PROBLEM STATEMENT: All of the data is to be printed exactly, though the images must be left off.

● ● ● ●

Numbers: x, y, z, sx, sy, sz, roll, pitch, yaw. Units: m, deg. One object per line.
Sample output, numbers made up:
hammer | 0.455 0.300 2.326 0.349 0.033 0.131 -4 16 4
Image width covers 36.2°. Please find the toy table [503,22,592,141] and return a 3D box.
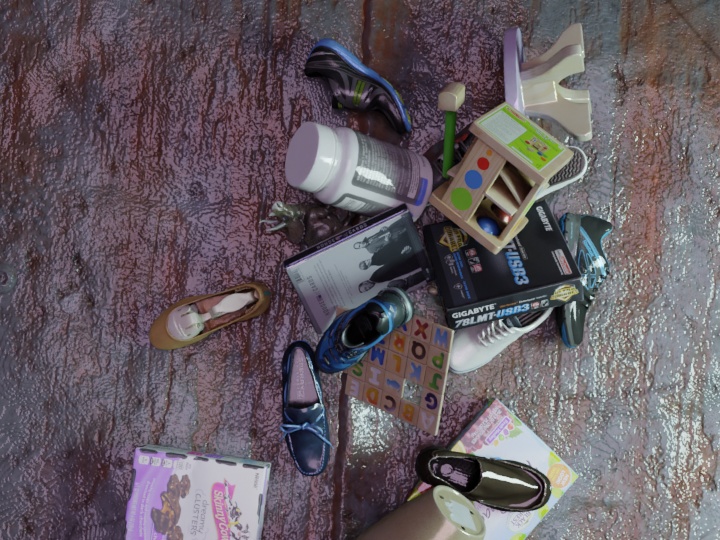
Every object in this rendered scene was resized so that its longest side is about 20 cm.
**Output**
toy table | 0.278 -0.270 1.627 0.115 0.184 0.203 -6 81 15

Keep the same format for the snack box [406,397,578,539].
snack box | 0.193 0.318 1.624 0.168 0.068 0.200 43 88 4

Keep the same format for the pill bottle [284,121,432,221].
pill bottle | -0.003 -0.142 1.599 0.198 0.113 0.115 16 85 -31

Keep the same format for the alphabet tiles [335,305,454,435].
alphabet tiles | 0.040 0.130 1.606 0.198 0.008 0.169 21 116 30

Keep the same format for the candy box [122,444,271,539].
candy box | -0.242 0.356 1.626 0.197 0.072 0.170 7 85 2

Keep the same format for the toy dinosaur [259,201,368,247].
toy dinosaur | -0.045 -0.057 1.665 0.199 0.077 0.103 35 93 -9

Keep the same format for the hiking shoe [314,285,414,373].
hiking shoe | -0.014 0.090 1.573 0.200 0.086 0.075 -43 78 37

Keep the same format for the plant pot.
plant pot | 0.081 0.404 1.529 0.187 0.187 0.201 39 109 4

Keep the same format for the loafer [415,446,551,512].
loafer | 0.174 0.300 1.556 0.197 0.071 0.074 10 85 2

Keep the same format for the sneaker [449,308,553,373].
sneaker | 0.205 0.081 1.641 0.199 0.071 0.073 -38 86 -2

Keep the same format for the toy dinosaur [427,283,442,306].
toy dinosaur | 0.201 0.025 1.625 0.197 0.089 0.048 -3 123 17

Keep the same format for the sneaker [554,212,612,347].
sneaker | 0.335 0.015 1.643 0.081 0.073 0.203 4 86 0

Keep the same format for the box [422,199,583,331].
box | 0.203 -0.012 1.599 0.196 0.201 0.050 -13 129 2

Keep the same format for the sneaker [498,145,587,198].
sneaker | 0.246 -0.129 1.657 0.197 0.085 0.074 -17 89 11

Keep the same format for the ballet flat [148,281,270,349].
ballet flat | -0.231 0.063 1.654 0.198 0.063 0.069 -23 85 -1

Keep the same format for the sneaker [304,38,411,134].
sneaker | -0.003 -0.269 1.678 0.199 0.071 0.083 38 92 9

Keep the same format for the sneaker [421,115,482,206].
sneaker | 0.147 -0.177 1.656 0.200 0.082 0.077 -41 86 0

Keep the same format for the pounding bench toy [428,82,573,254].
pounding bench toy | 0.164 -0.148 1.552 0.199 0.124 0.157 39 125 10

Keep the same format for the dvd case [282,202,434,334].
dvd case | 0.000 0.000 1.624 0.198 0.151 0.025 -25 43 0

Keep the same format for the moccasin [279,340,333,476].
moccasin | -0.091 0.207 1.637 0.079 0.068 0.203 -12 85 0

● ● ● ●

WRITTEN RESPONSE:
Numbers: x, y, z, sx, sy, sz, roll, pitch, yaw. Units: m, deg. One object per line.
Sample output, numbers made up:
hammer | 0.455 0.300 2.326 0.349 0.033 0.131 -4 16 4
Image width covers 36.2°. Please find the toy table [503,22,592,141] and return a 3D box.
Every object in this rendered scene was resized so that its longest side is about 20 cm.
**Output**
toy table | 0.278 -0.270 1.627 0.115 0.184 0.203 -6 81 15

Keep the same format for the snack box [406,397,578,539].
snack box | 0.193 0.318 1.624 0.168 0.068 0.200 43 88 4

Keep the same format for the pill bottle [284,121,432,221].
pill bottle | -0.003 -0.142 1.599 0.198 0.113 0.115 16 85 -31

Keep the same format for the alphabet tiles [335,305,454,435].
alphabet tiles | 0.040 0.130 1.606 0.198 0.008 0.169 21 116 30

Keep the same format for the candy box [122,444,271,539].
candy box | -0.242 0.356 1.626 0.197 0.072 0.170 7 85 2

Keep the same format for the toy dinosaur [259,201,368,247].
toy dinosaur | -0.045 -0.057 1.665 0.199 0.077 0.103 35 93 -9

Keep the same format for the hiking shoe [314,285,414,373].
hiking shoe | -0.014 0.090 1.573 0.200 0.086 0.075 -43 78 37

Keep the same format for the plant pot.
plant pot | 0.081 0.404 1.529 0.187 0.187 0.201 39 109 4

Keep the same format for the loafer [415,446,551,512].
loafer | 0.174 0.300 1.556 0.197 0.071 0.074 10 85 2

Keep the same format for the sneaker [449,308,553,373].
sneaker | 0.205 0.081 1.641 0.199 0.071 0.073 -38 86 -2

Keep the same format for the toy dinosaur [427,283,442,306].
toy dinosaur | 0.201 0.025 1.625 0.197 0.089 0.048 -3 123 17

Keep the same format for the sneaker [554,212,612,347].
sneaker | 0.335 0.015 1.643 0.081 0.073 0.203 4 86 0

Keep the same format for the box [422,199,583,331].
box | 0.203 -0.012 1.599 0.196 0.201 0.050 -13 129 2

Keep the same format for the sneaker [498,145,587,198].
sneaker | 0.246 -0.129 1.657 0.197 0.085 0.074 -17 89 11

Keep the same format for the ballet flat [148,281,270,349].
ballet flat | -0.231 0.063 1.654 0.198 0.063 0.069 -23 85 -1

Keep the same format for the sneaker [304,38,411,134].
sneaker | -0.003 -0.269 1.678 0.199 0.071 0.083 38 92 9

Keep the same format for the sneaker [421,115,482,206].
sneaker | 0.147 -0.177 1.656 0.200 0.082 0.077 -41 86 0

Keep the same format for the pounding bench toy [428,82,573,254].
pounding bench toy | 0.164 -0.148 1.552 0.199 0.124 0.157 39 125 10

Keep the same format for the dvd case [282,202,434,334].
dvd case | 0.000 0.000 1.624 0.198 0.151 0.025 -25 43 0

Keep the same format for the moccasin [279,340,333,476].
moccasin | -0.091 0.207 1.637 0.079 0.068 0.203 -12 85 0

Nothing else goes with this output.